#### DATASET ####
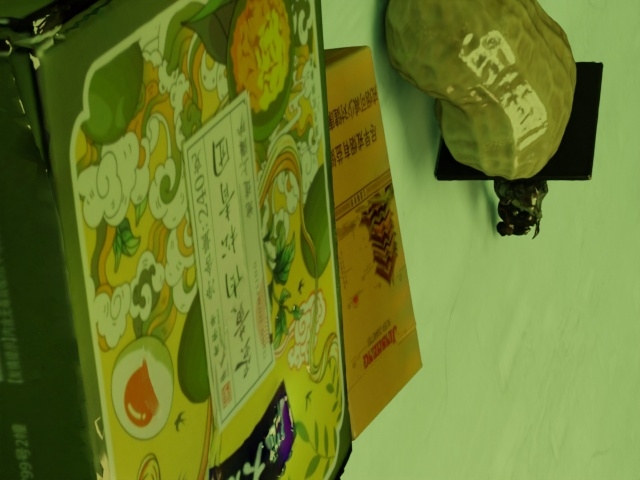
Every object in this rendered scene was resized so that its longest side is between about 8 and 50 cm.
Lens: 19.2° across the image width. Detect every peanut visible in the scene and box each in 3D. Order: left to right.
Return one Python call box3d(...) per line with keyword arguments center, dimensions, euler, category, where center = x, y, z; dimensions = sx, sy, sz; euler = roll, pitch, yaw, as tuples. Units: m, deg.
box3d(center=(0.151, -0.172, 1.767), dimensions=(0.233, 0.110, 0.196), euler=(51, 47, -33), category="peanut")

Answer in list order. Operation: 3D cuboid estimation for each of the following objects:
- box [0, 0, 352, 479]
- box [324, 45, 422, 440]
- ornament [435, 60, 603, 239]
box3d(center=(-0.105, 0.025, 1.037), dimensions=(0.373, 0.138, 0.420), euler=(-52, 142, -61), category="box")
box3d(center=(0.000, 0.000, 1.454), dimensions=(0.174, 0.076, 0.274), euler=(-36, 119, -63), category="box")
box3d(center=(0.216, -0.070, 1.936), dimensions=(0.196, 0.153, 0.166), euler=(73, 24, -51), category="ornament")
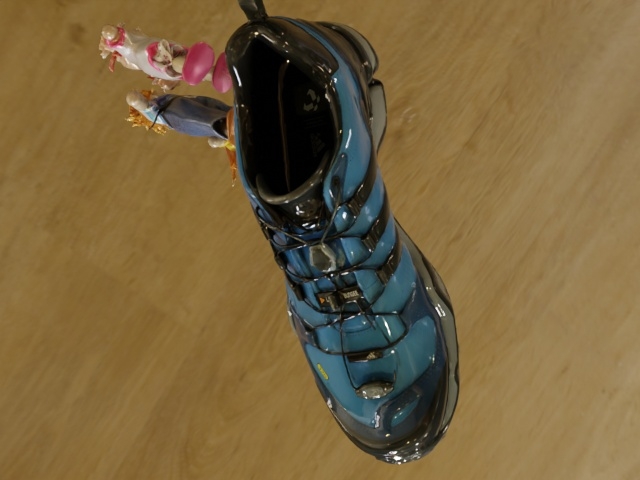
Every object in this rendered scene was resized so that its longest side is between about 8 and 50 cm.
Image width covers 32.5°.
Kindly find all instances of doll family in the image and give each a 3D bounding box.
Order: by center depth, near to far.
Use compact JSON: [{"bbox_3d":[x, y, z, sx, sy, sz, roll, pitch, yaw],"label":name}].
[{"bbox_3d":[-0.086,-0.108,0.970,0.163,0.263,0.118,19,97,48],"label":"doll family"}]

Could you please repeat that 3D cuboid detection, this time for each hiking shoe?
####
> PROBLEM TO WORK ON:
Using the records above, output their complete text exactly, minus any images.

> RESPONSE TO THE TASK:
Every object in this rendered scene was resized so that its longest side is between about 8 and 50 cm.
Lens: 19.2° across the image width. Detect every peanut visible in the scene and box each in 3D. Order: left to right.
Return one Python call box3d(...) per line with keyword arguments center, dimensions, euler, category, where center = x, y, z; dimensions = sx, sy, sz; euler = roll, pitch, yaw, as tuples. Units: m, deg.
box3d(center=(0.151, -0.172, 1.767), dimensions=(0.233, 0.110, 0.196), euler=(51, 47, -33), category="peanut")

Answer in list order. Operation: 3D cuboid estimation for each of the following objects:
- box [0, 0, 352, 479]
- box [324, 45, 422, 440]
- ornament [435, 60, 603, 239]
box3d(center=(-0.105, 0.025, 1.037), dimensions=(0.373, 0.138, 0.420), euler=(-52, 142, -61), category="box")
box3d(center=(0.000, 0.000, 1.454), dimensions=(0.174, 0.076, 0.274), euler=(-36, 119, -63), category="box")
box3d(center=(0.216, -0.070, 1.936), dimensions=(0.196, 0.153, 0.166), euler=(73, 24, -51), category="ornament")
Every object in this rendered scene was resized so that its longest side is between about 8 and 50 cm.
Image width covers 32.5°.
Kindly find all instances of doll family in the image and give each a 3D bounding box.
Order: by center depth, near to far.
Use compact JSON: [{"bbox_3d":[x, y, z, sx, sy, sz, roll, pitch, yaw],"label":name}].
[{"bbox_3d":[-0.086,-0.108,0.970,0.163,0.263,0.118,19,97,48],"label":"doll family"}]

Could you please repeat that 3D cuboid detection, this time for each hiking shoe?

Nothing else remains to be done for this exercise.